JAKARTA - Pihak Istana memastikan dalam waktu dekat akan menyampaikan update terkait lima orang peserta Sarjana Penggerak Pembangunan Indonesia (SPPI) calon manajer program Koperasi Desa/Kelurahan Merah Putih (KDKMP) dan Koperasi Nelayan Merah Putih (KNMP) yang meninggal dunia saat mengikuti Pelatihan Dasar Militer (Latsarmil).
Demikian disampaikan Menteri Sekretaris Negara (Mensesneg) Prasetyo Hadi usai menghadiri penutupan Sarasehan Kebangsaan Konvensi Sains, Teknologi, dan Industri Indonesia (KSTI) Tahun 2026 di Jakarta International Convention Center (JICC), Jakarta, pada pada Minggu (28/6/2026).
“Hari ini acaranya Konvensi Sains Teknologi Industri, ya.
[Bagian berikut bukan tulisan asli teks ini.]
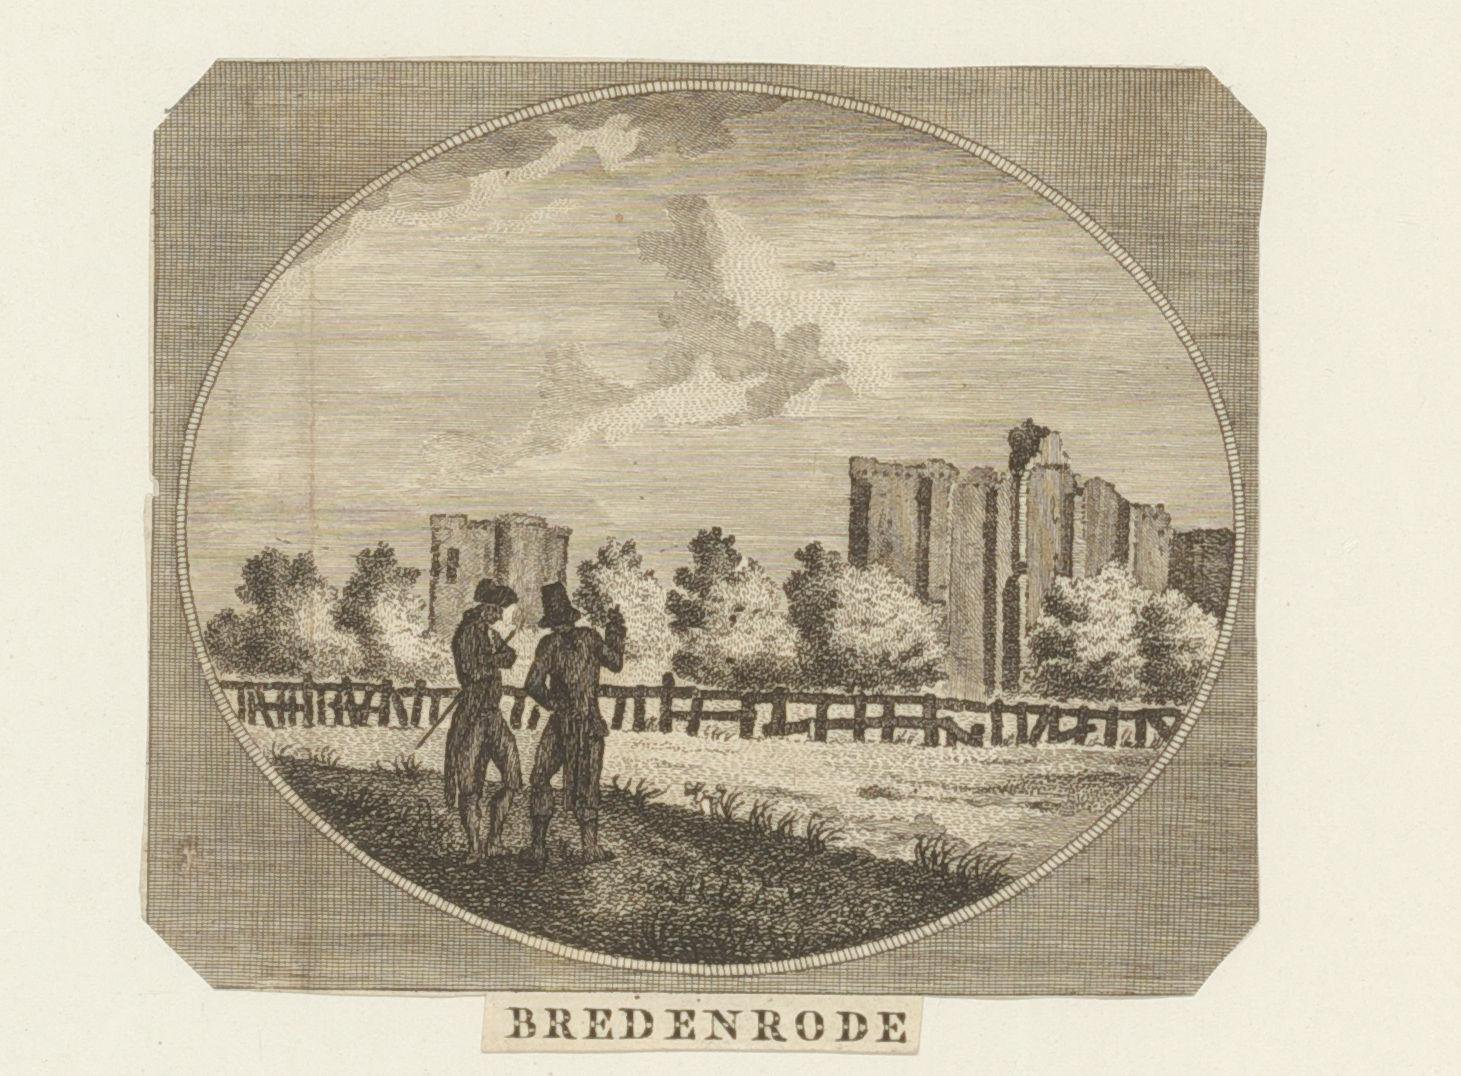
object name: print
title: Gezicht op de ruïne van Huis Brederode
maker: Anonymous
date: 1700-1799
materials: paper
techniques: etching
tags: ruin of a dwelling, house, castle, etc., haarlem
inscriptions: collector's mark: Lugt 1641, stamp
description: Onderwerpsrubrieken binnen de Atlas Zeden en Gewoonten: Zeden en gewoonten in Engeren zin, De woning, Kastelen en buitenplaatsen.
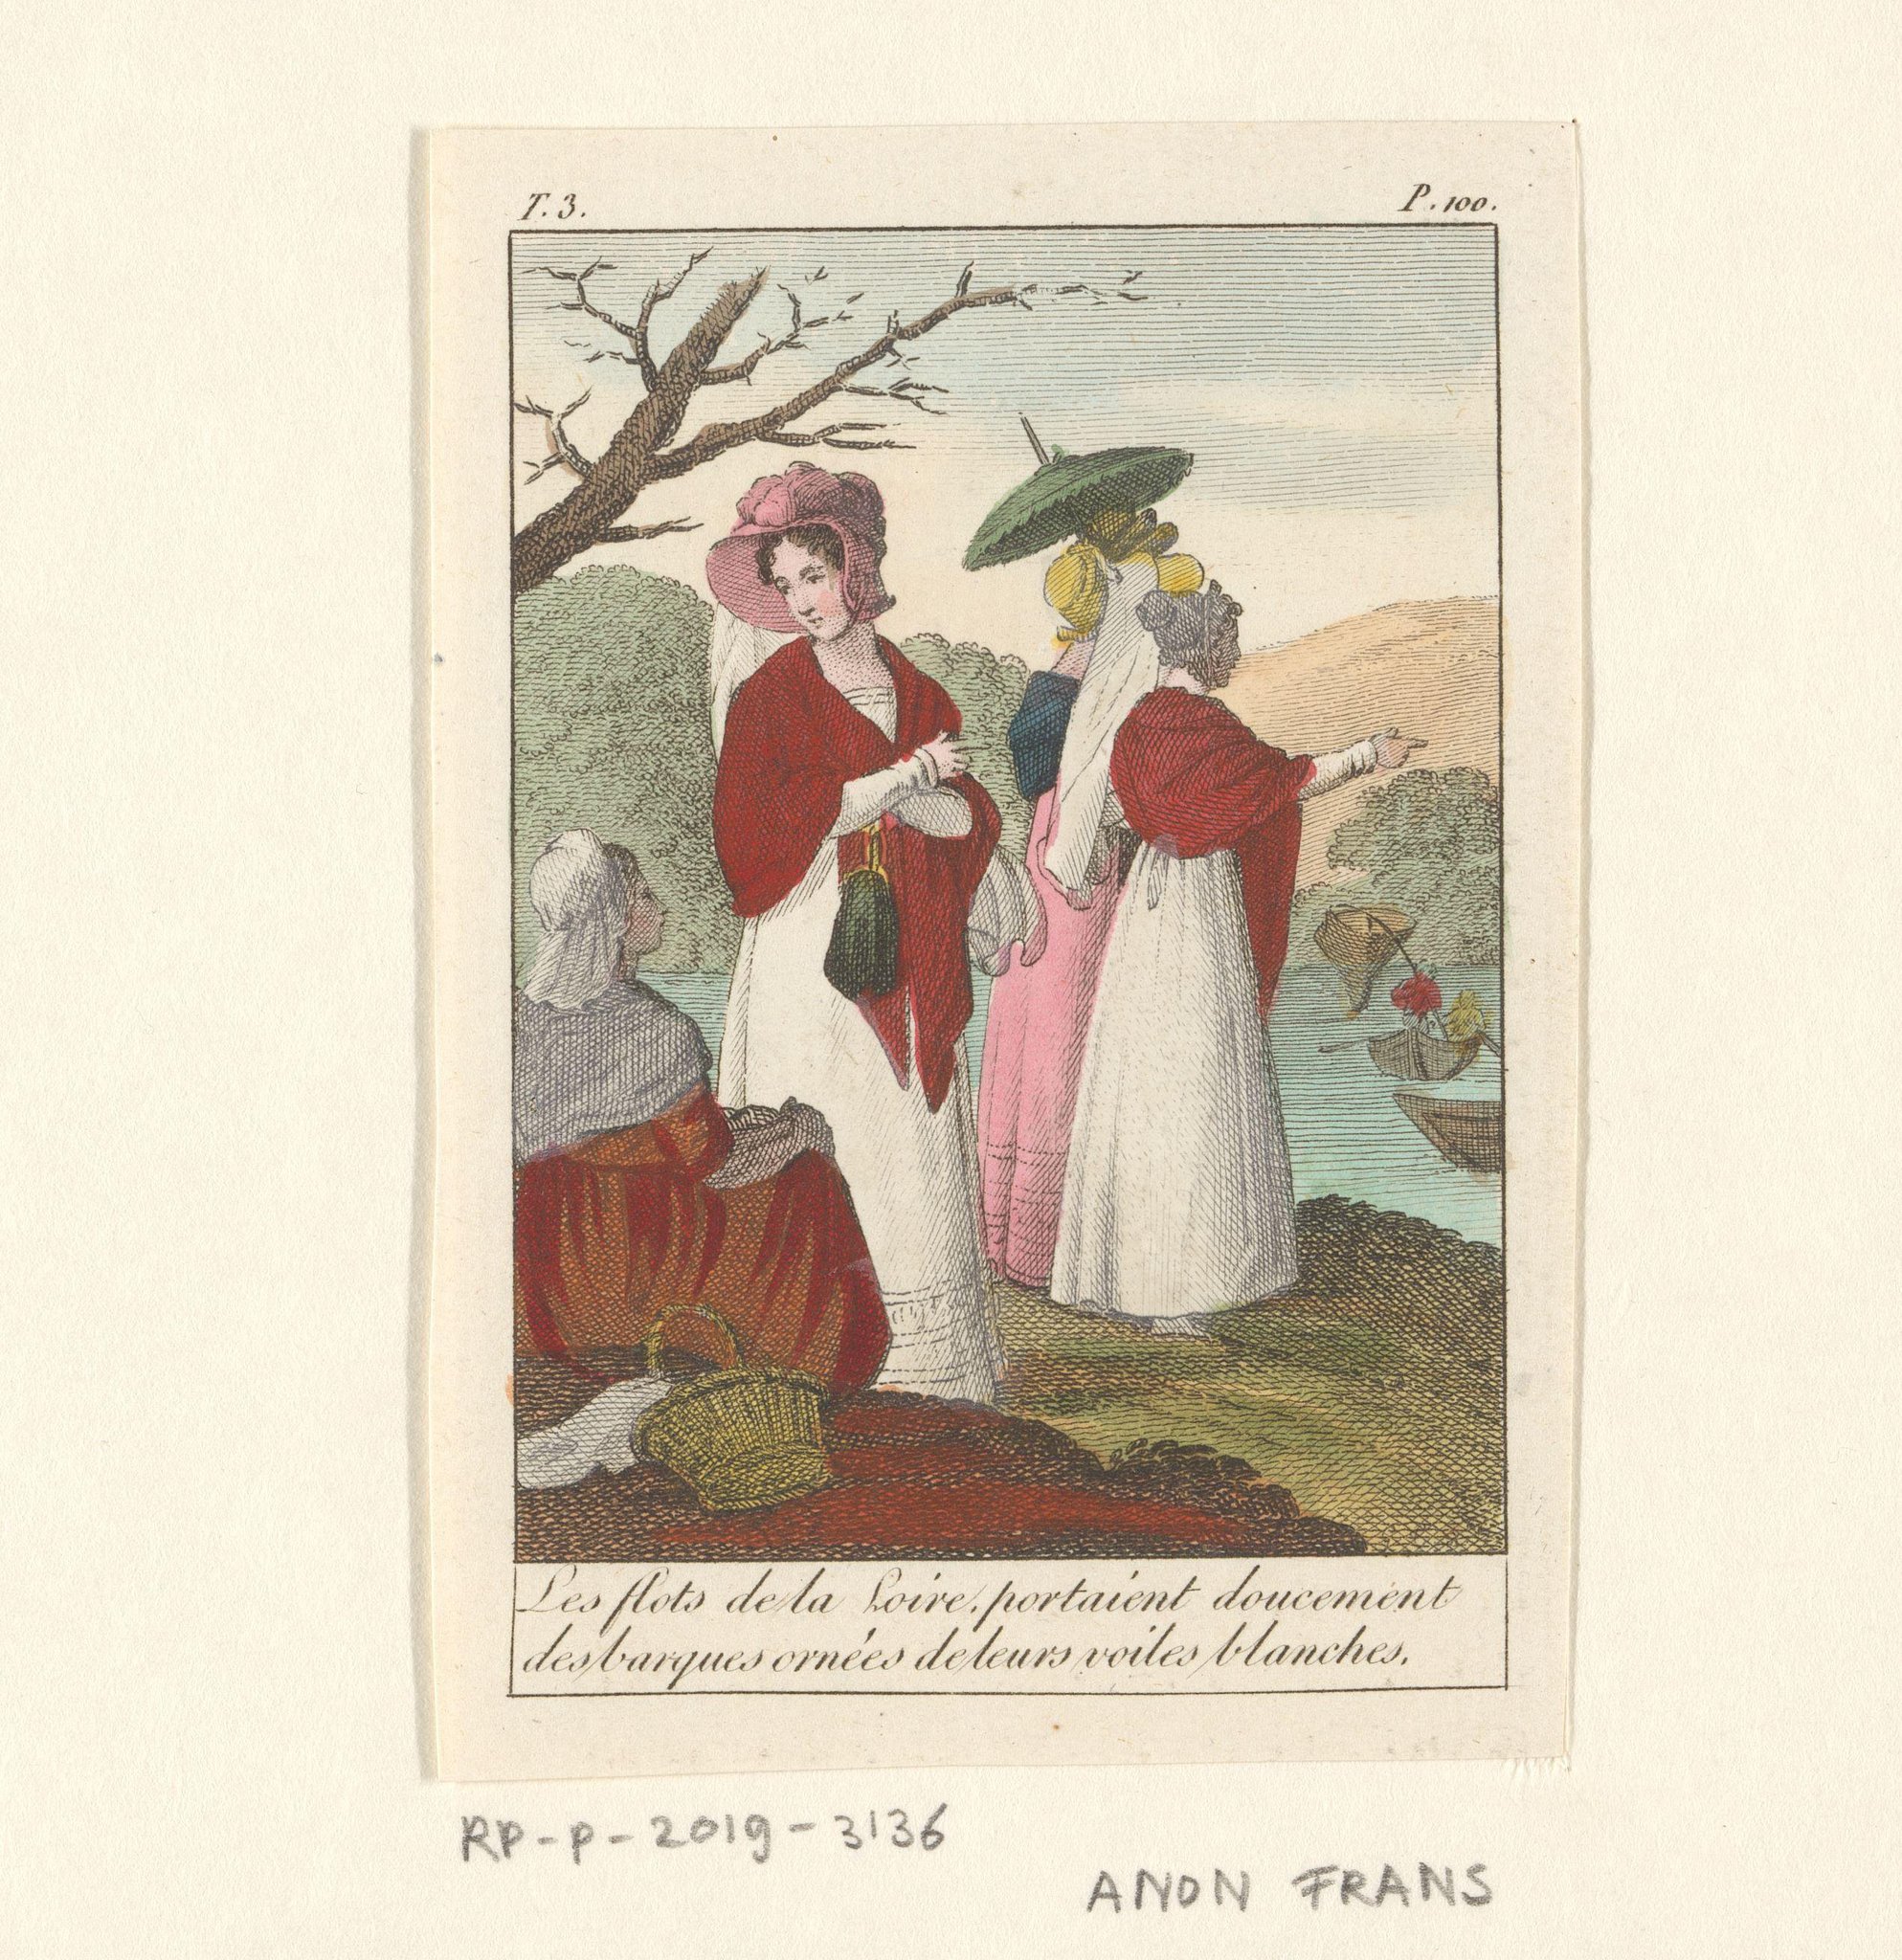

Nanti waktunya, pada waktunya nanti akan kita sampaikan,” kata Prasetyo saat ditanya awak media.
Sebelumnya, Prasetyo juga telah menegaskan bahwa Presiden Prabowo telah memonitor meninggalnya peserta SPPI calon manajer Kopdes. “(Presiden) monitor semua dong,” kata Prasetyo di Gedung Nusantara III, Kompleks Parlemen, Senayan, Jakarta, Jumat (26/6).
Dia mengungkapkan, Istana turut prihatin dan menyampaikan duka cita mendalam atas meninggalnya tiga calon manajer Kopdes tersebut.
Prasetyo mengatakan, evaluasi latsarmil juga akan dilakukan bila ditemukan kelalaian terhadap standar operasional prosedur (SOP) yang dijalankan dalam proses latihan tersebut.